§ What you have to do
Scan the records that follow, and whenever a line has the word "void", copy it.
---- Data for processing
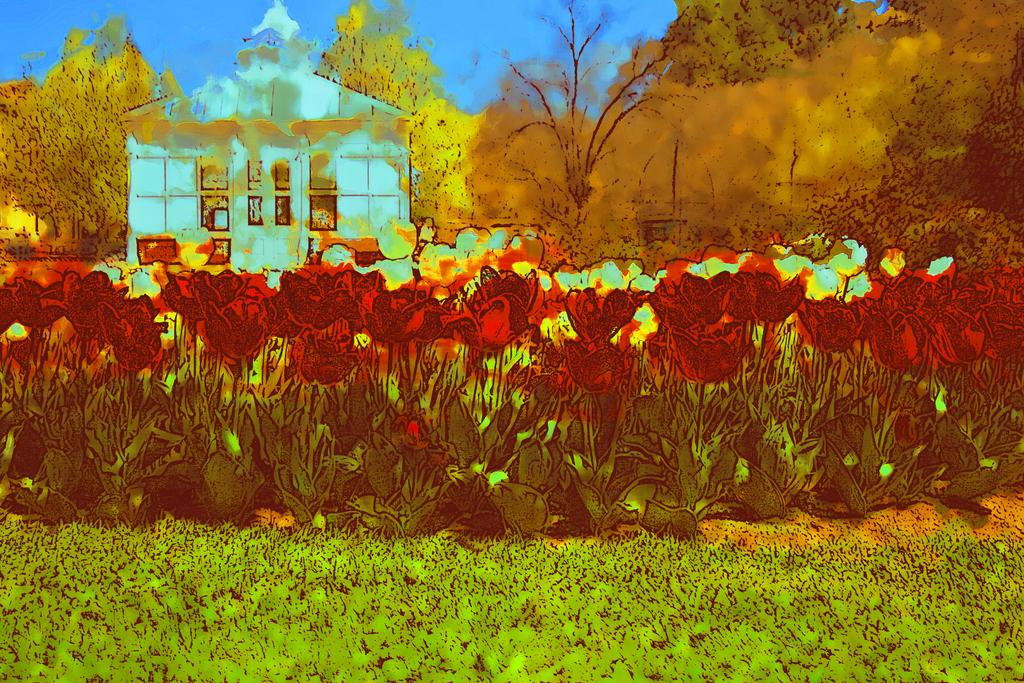What type of structure is present in the image? There is a house in the image. What features can be observed on the house? The house has a roof and windows. What type of vegetation is present in the image? There are plants with flowers and a group of trees in the image. What part of the natural environment is visible in the image? The sky is visible in the image. What is the condition of the bed in the image? There is no bed present in the image. How many bells can be heard ringing in the image? There are no bells present in the image. 
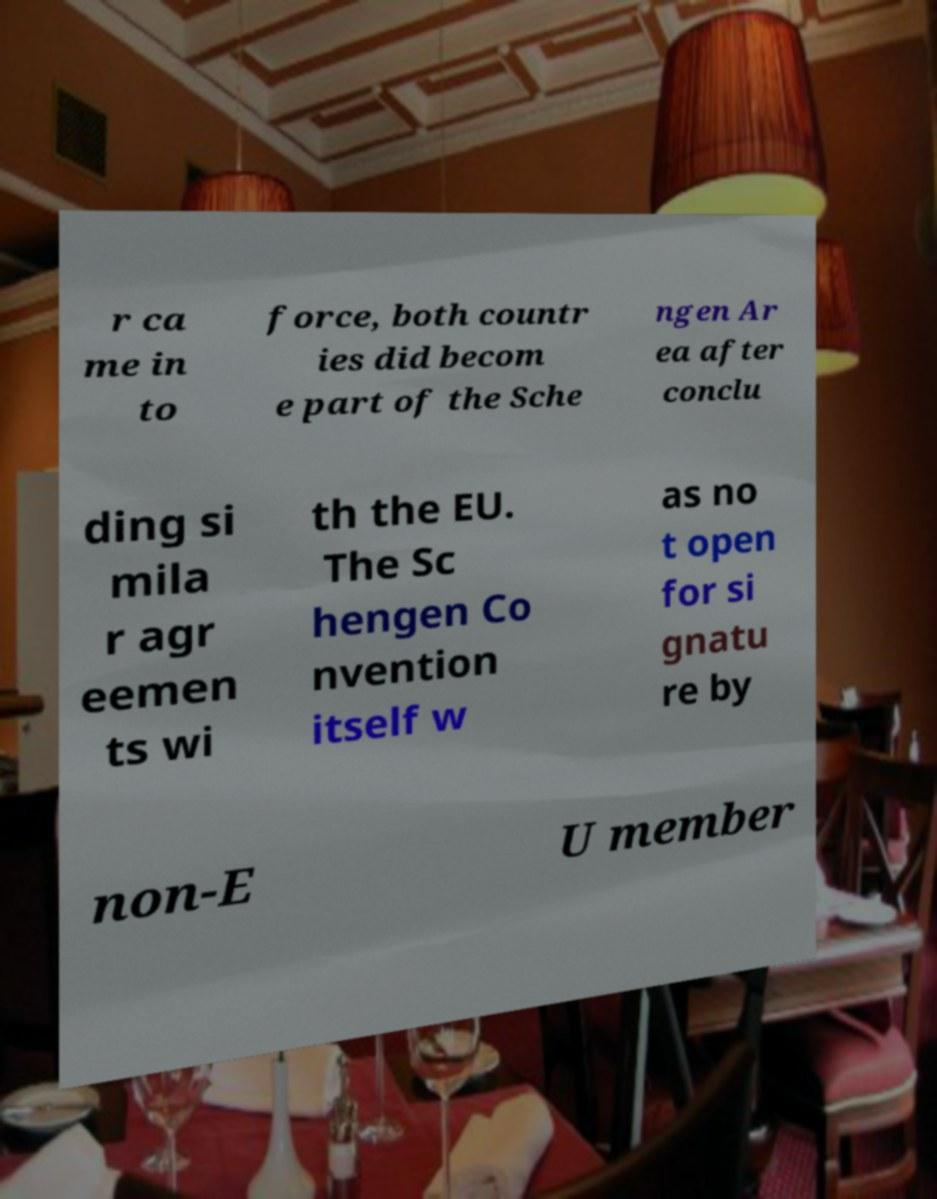What messages or text are displayed in this image? I need them in a readable, typed format. r ca me in to force, both countr ies did becom e part of the Sche ngen Ar ea after conclu ding si mila r agr eemen ts wi th the EU. The Sc hengen Co nvention itself w as no t open for si gnatu re by non-E U member 
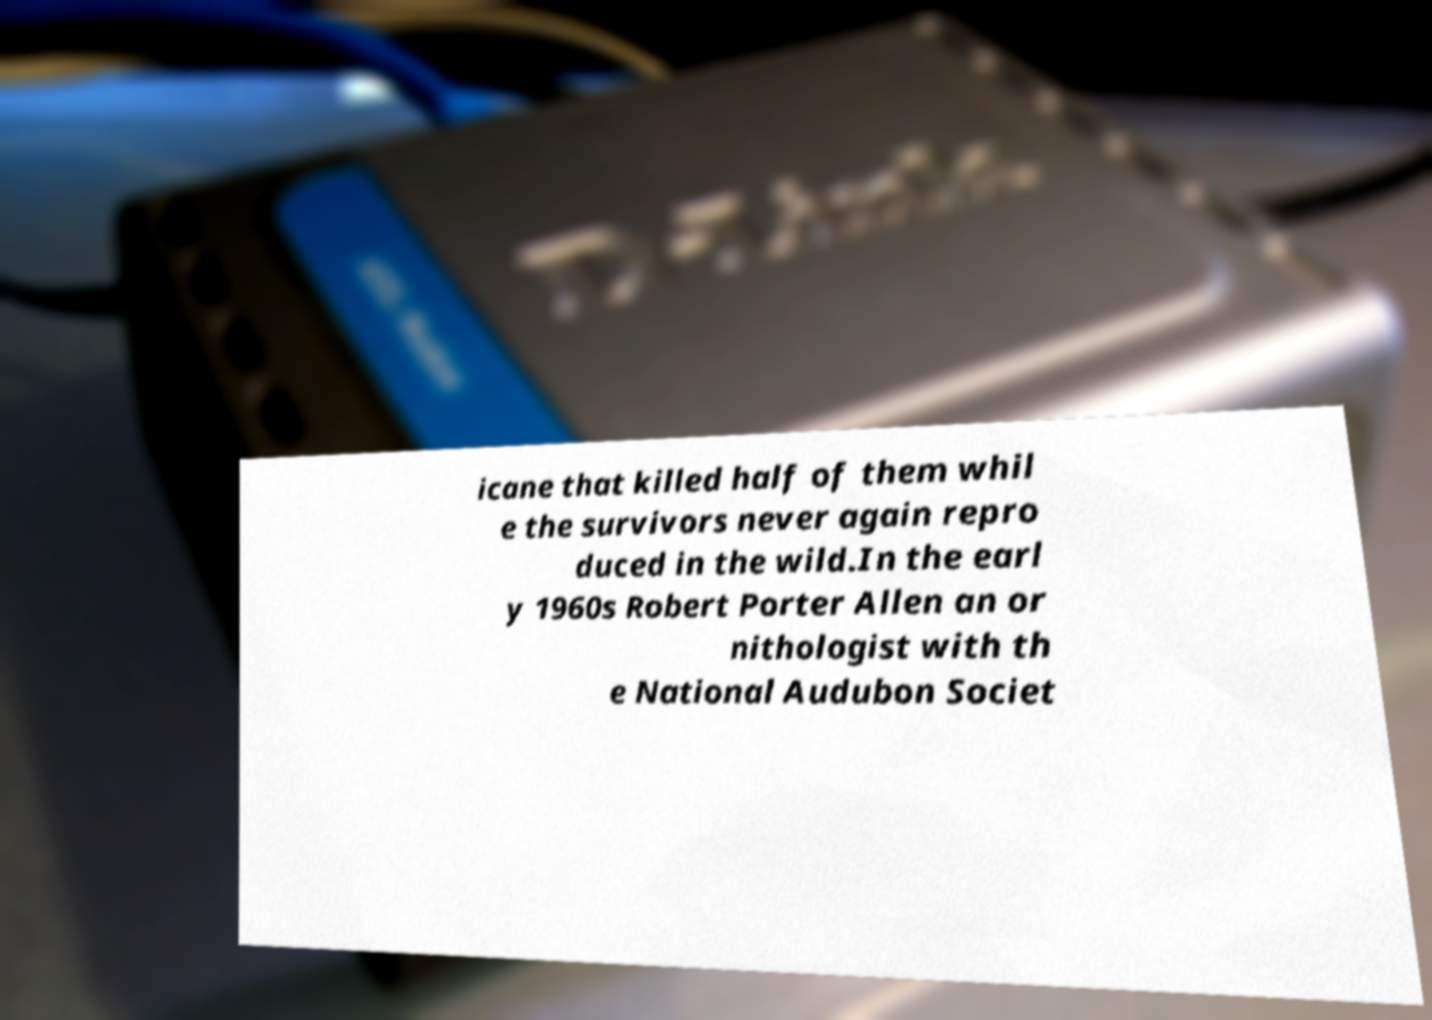For documentation purposes, I need the text within this image transcribed. Could you provide that? icane that killed half of them whil e the survivors never again repro duced in the wild.In the earl y 1960s Robert Porter Allen an or nithologist with th e National Audubon Societ 
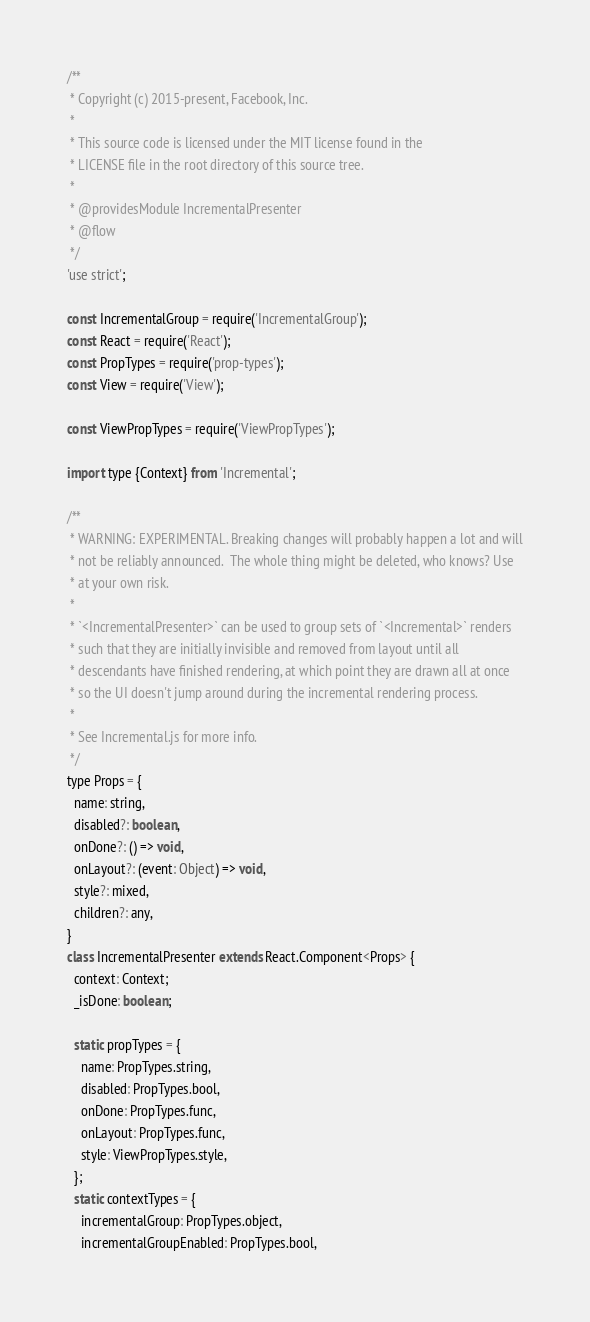Convert code to text. <code><loc_0><loc_0><loc_500><loc_500><_JavaScript_>/**
 * Copyright (c) 2015-present, Facebook, Inc.
 *
 * This source code is licensed under the MIT license found in the
 * LICENSE file in the root directory of this source tree.
 *
 * @providesModule IncrementalPresenter
 * @flow
 */
'use strict';

const IncrementalGroup = require('IncrementalGroup');
const React = require('React');
const PropTypes = require('prop-types');
const View = require('View');

const ViewPropTypes = require('ViewPropTypes');

import type {Context} from 'Incremental';

/**
 * WARNING: EXPERIMENTAL. Breaking changes will probably happen a lot and will
 * not be reliably announced.  The whole thing might be deleted, who knows? Use
 * at your own risk.
 *
 * `<IncrementalPresenter>` can be used to group sets of `<Incremental>` renders
 * such that they are initially invisible and removed from layout until all
 * descendants have finished rendering, at which point they are drawn all at once
 * so the UI doesn't jump around during the incremental rendering process.
 *
 * See Incremental.js for more info.
 */
type Props = {
  name: string,
  disabled?: boolean,
  onDone?: () => void,
  onLayout?: (event: Object) => void,
  style?: mixed,
  children?: any,
}
class IncrementalPresenter extends React.Component<Props> {
  context: Context;
  _isDone: boolean;

  static propTypes = {
    name: PropTypes.string,
    disabled: PropTypes.bool,
    onDone: PropTypes.func,
    onLayout: PropTypes.func,
    style: ViewPropTypes.style,
  };
  static contextTypes = {
    incrementalGroup: PropTypes.object,
    incrementalGroupEnabled: PropTypes.bool,</code>
--------
§ Answer
  onDone?: () => void,
  onLayout?: (event: Object) => void,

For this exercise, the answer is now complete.